ESA Approves Mars Mission Despite Disappointing Schiaparelli Lander Crash
The Schiaparelli lander may have suffered a disappointing crash, but that does not mean Europe is giving up on its Mars mission.
The European Space Agency's space mission is $430 million over budget. It asked for additional funds from various countries in Europe. On Dec. 2, member states approved a total of $480 million in funding for the agency's ExoMars mission, even after a test lander crashed in October.
The European-Russian ExoMars program launched a gas-sniffing orbiter (Trace Gas Orbiter) and the Schiaparelli test lander to Mars this year to search for past and present signs of life.

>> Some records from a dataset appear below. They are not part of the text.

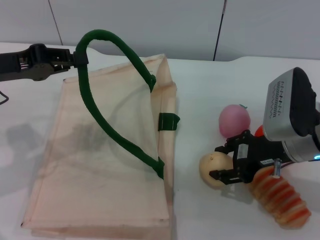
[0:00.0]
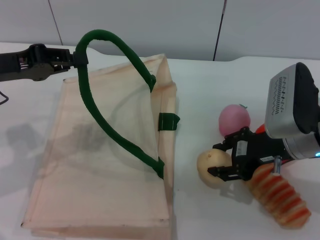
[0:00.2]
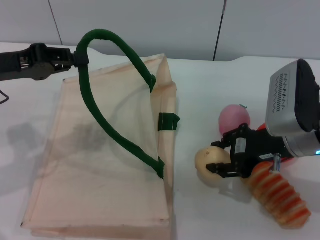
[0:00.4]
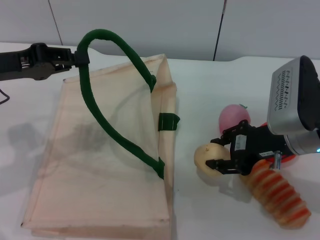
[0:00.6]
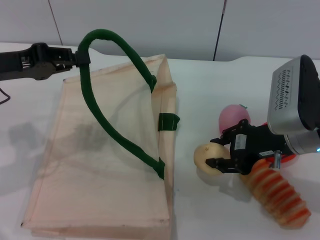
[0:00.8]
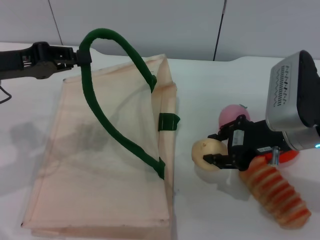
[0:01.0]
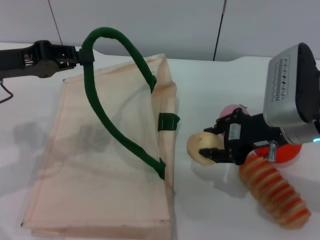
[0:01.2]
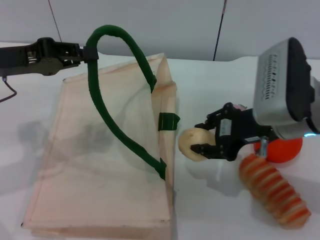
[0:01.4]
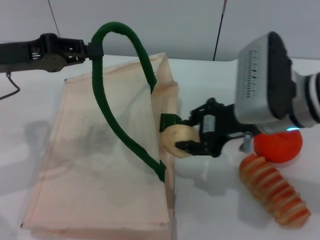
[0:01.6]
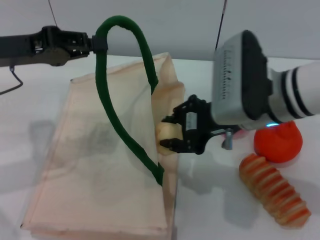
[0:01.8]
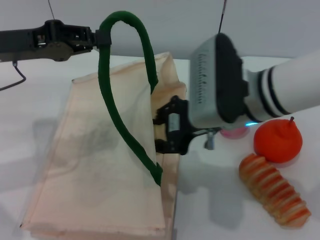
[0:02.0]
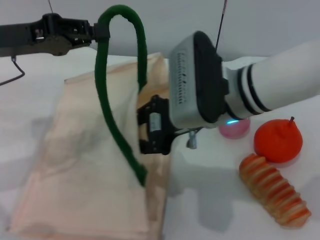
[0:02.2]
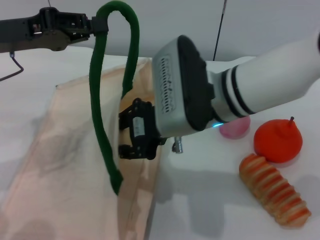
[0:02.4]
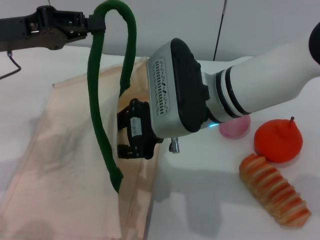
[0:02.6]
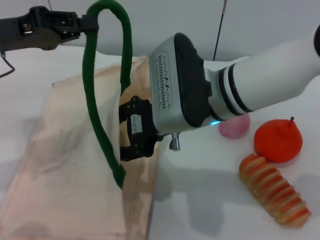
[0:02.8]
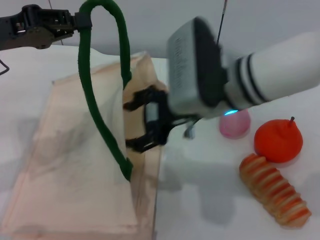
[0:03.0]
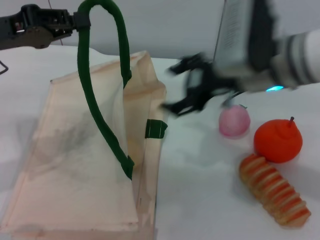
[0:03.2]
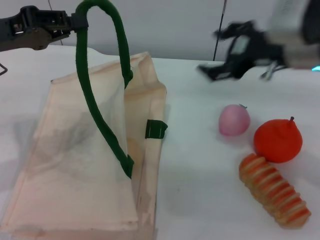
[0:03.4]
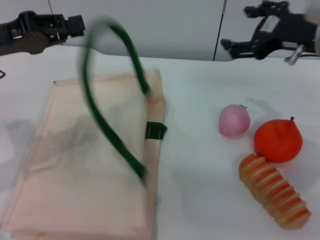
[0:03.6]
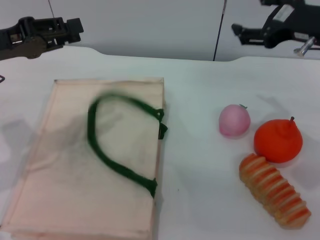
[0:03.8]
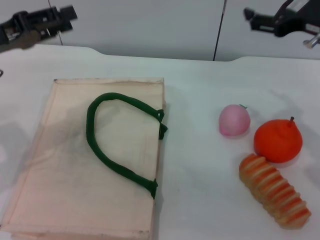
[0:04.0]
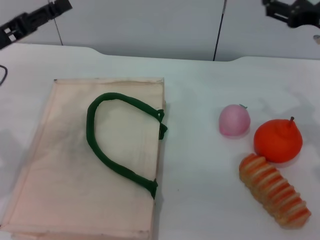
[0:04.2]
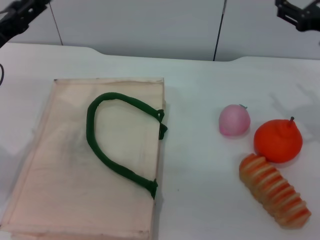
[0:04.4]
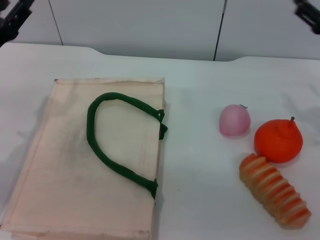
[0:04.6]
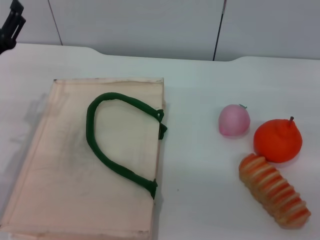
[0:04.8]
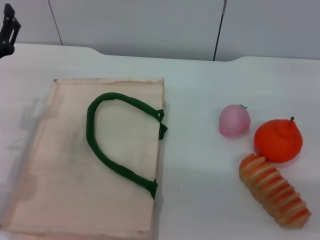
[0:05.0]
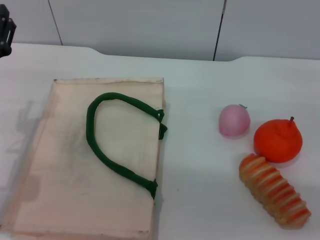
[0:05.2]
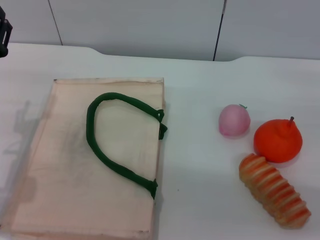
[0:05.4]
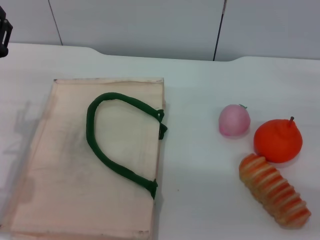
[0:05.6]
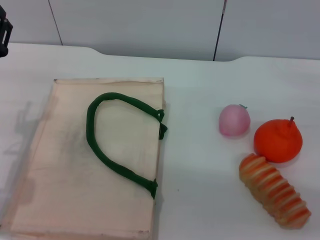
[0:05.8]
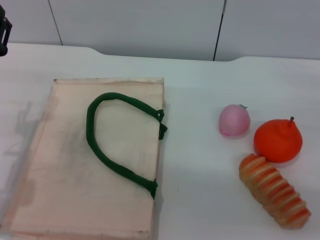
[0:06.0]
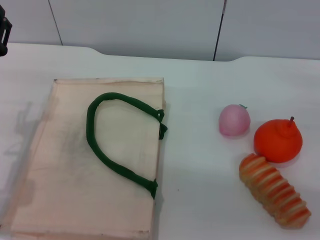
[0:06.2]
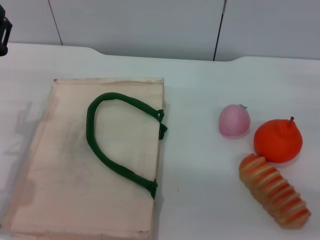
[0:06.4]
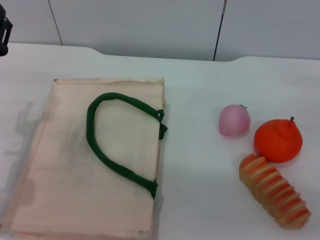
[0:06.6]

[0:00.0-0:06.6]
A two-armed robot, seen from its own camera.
Task of the whole recording: pick up the egg yolk pastry from the table and place it in the white handbag.
Step, 0:01.2 to 0:03.2: Place the egg yolk pastry into the woven bag with the right gripper.
Step, 0:03.4 to 0:05.0: Lower the woven bag with the left gripper to close it.
0:00.0 to 0:01.6: The right gripper is displaced to the left and upward by approximately 5 cm, and closes its fingers.
0:01.6 to 0:03.2: The right gripper reaches roughly 10 cm to the left, then returns, and opens.
0:03.2 to 0:05.0: The left gripper shifts some 15 cm downward, and opens up. The right gripper shifts about 25 cm to the right and downward.

These will also lay the groundwork for a rover that is set to launch in 2020, Reuters reports.
The Schiaparelli lander, however, crashed after a software glitch caused it to detach its parachute more than 2 miles above the Red planet's surface.
Experts Remained Optimistic
"We will have learned much from Schiaparelli that will directly contribute to the second ExoMars mission," David Parker, ESA's Director of Human Spaceflight and Robotic said in a statement, as reported by Nature.
If the mission is successful, the rover will be the first time for Europe or Russia to operate on Mars' surface. The robot is designed to dig down to a depth where signs of ancient life could be detected as these were preserved from the harsh radiation present on the planet.
Other Projects Funded
Apart from the ExoMars mission, ESA member states also committed to supporting the International Space Station (ISS) by approving about €1 billion or $1.05 billion. This is to remain as part of the project until 2024, from the current agreement of 2020.
The ministers also agreed to finance plans for ESA and Roscosmos to work together on a Moon spacecraft, called the Russian Luna 27 lander. In preparing for the mission, ESA will spend about $3.16 million in order to carry out all the needed work for the mission to meet the scheduled completion by 2020.
"At this summit, Ministers in charge of space matters have declared support for ESA's Director General's vision for Europe in space and the role and development of ESA: now the Space 4.0i era can start with ESA committing to inform, innovate, interact and inspire," ESA said in a press release.
"And, building on commercialization, participation, digitalization, jobs and growth, the concept of "United Space in Europe" will soon become a reality," it added.